Toward Isolation of Palytoxins: Liquid Chromatography Coupled to Low- or High-Resolution Mass Spectrometry for the Study on the Impact of Drying Techniques, Solvents and Materials.

Palytoxin (PLTX) and its congeners are emerging toxins held responsible for a number of human poisonings following the inhalation of toxic aerosols, skin contact, or the ingestion of contaminated seafood. Despite the strong structural analogies, the relative toxic potencies of PLTX congeners are quite different, making it necessary to isolate them individually in sufficient amounts for toxicological and analytical purposes. Previous studies showed poor PLTX recoveries with a dramatic decrease in PLTX yield throughout each purification step. In view of a large-scale preparative work aimed at the preparation of PLTX reference material, we have investigated evaporation as a critical-although unavoidable-step that heavily affects overall recoveries. The experiments were carried out in two laboratories using different liquid chromatography-mass spectrometry (LC-MS) instruments, with either unit or high resolution. Palytoxin behaved differently when concentrated to a minimum volume rather than when evaporated to complete dryness. The recoveries strongly depended on the solubility as well as on the material of the used container. The LC-MS analyses of PLTX dissolved in aqueous organic blends proved to give a peak intensity higher then when dissolved in pure water.
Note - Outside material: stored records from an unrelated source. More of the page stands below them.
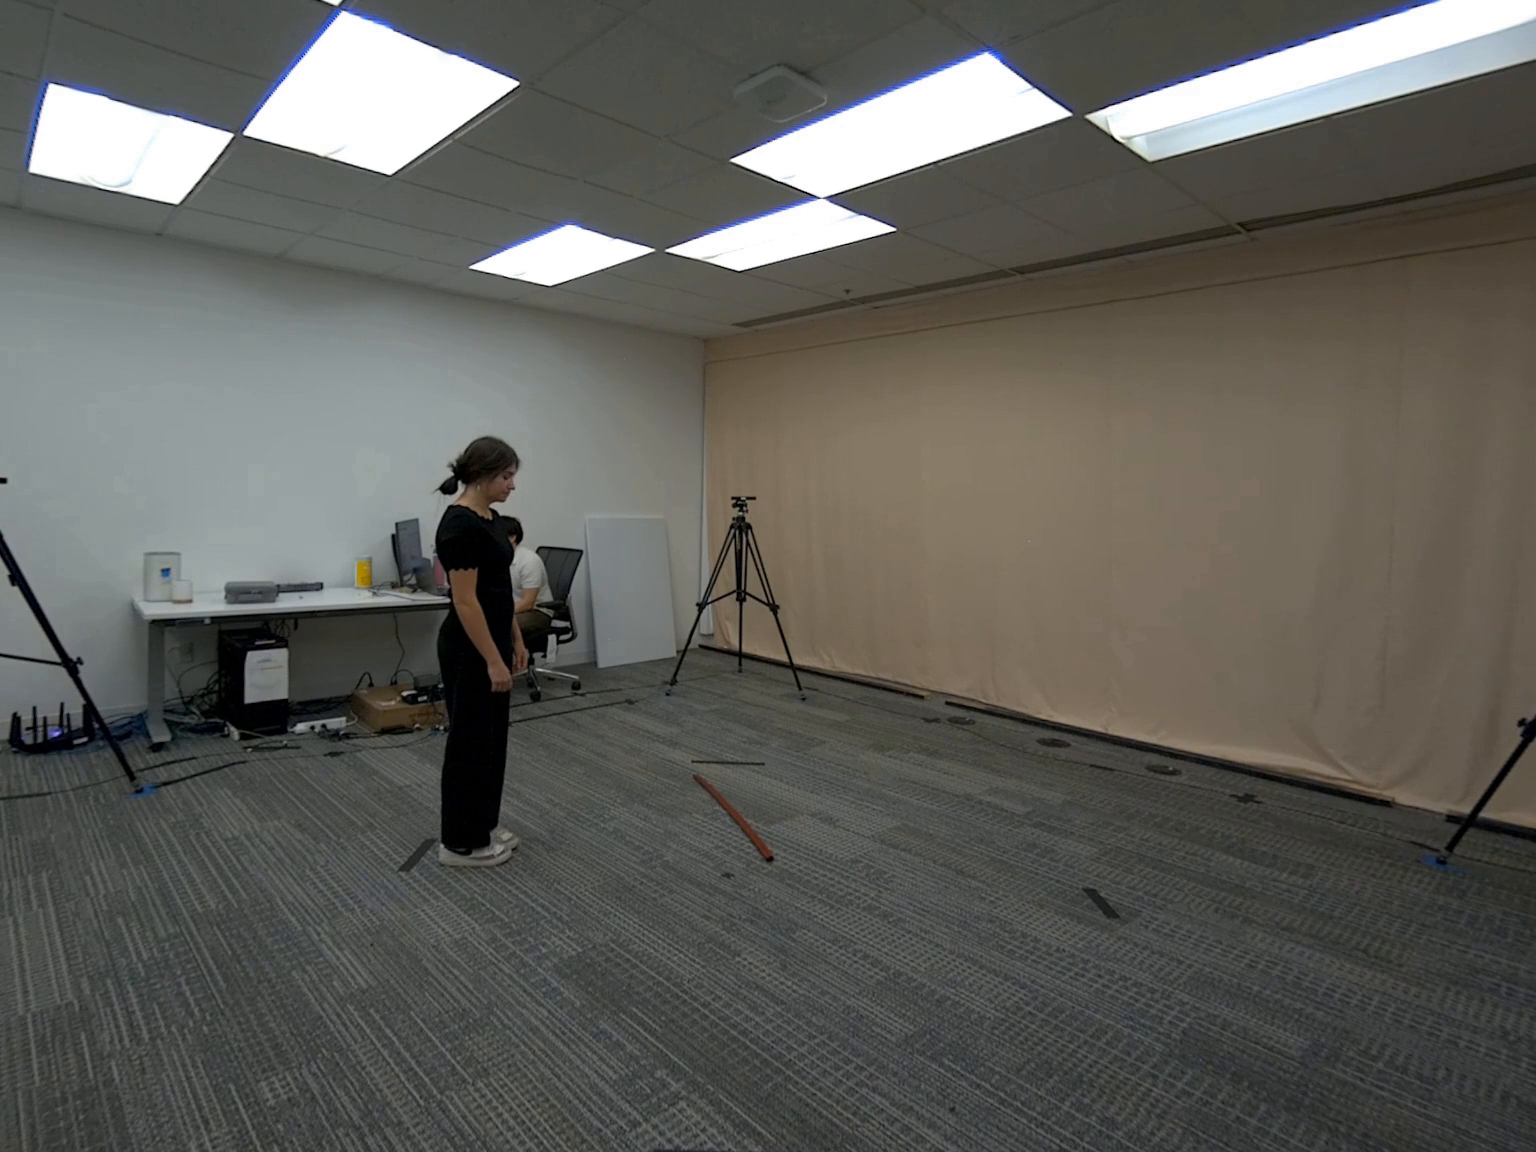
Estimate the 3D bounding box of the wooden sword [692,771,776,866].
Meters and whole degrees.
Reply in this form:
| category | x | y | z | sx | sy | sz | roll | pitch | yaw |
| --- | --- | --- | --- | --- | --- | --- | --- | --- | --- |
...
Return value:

After drying, the PLTX adsorption appeared stronger on glass surfaces than on plastic materials. However, both the solvents used to dilute PLTX and that used for re-dissolution had an important role. A quantitative recovery (97%) was achieved when completely drying 80% aqueous EtOH solutions of PLTX under N2-stream in Teflon. The stability of PLTX in acids was also investigated. Although PLTX was quite stable in 0.2% acetic acid solutions, upon exposure to stronger acids (pH < 2.66), degradation products were observed, among which a PLTX methyl-ester was identified.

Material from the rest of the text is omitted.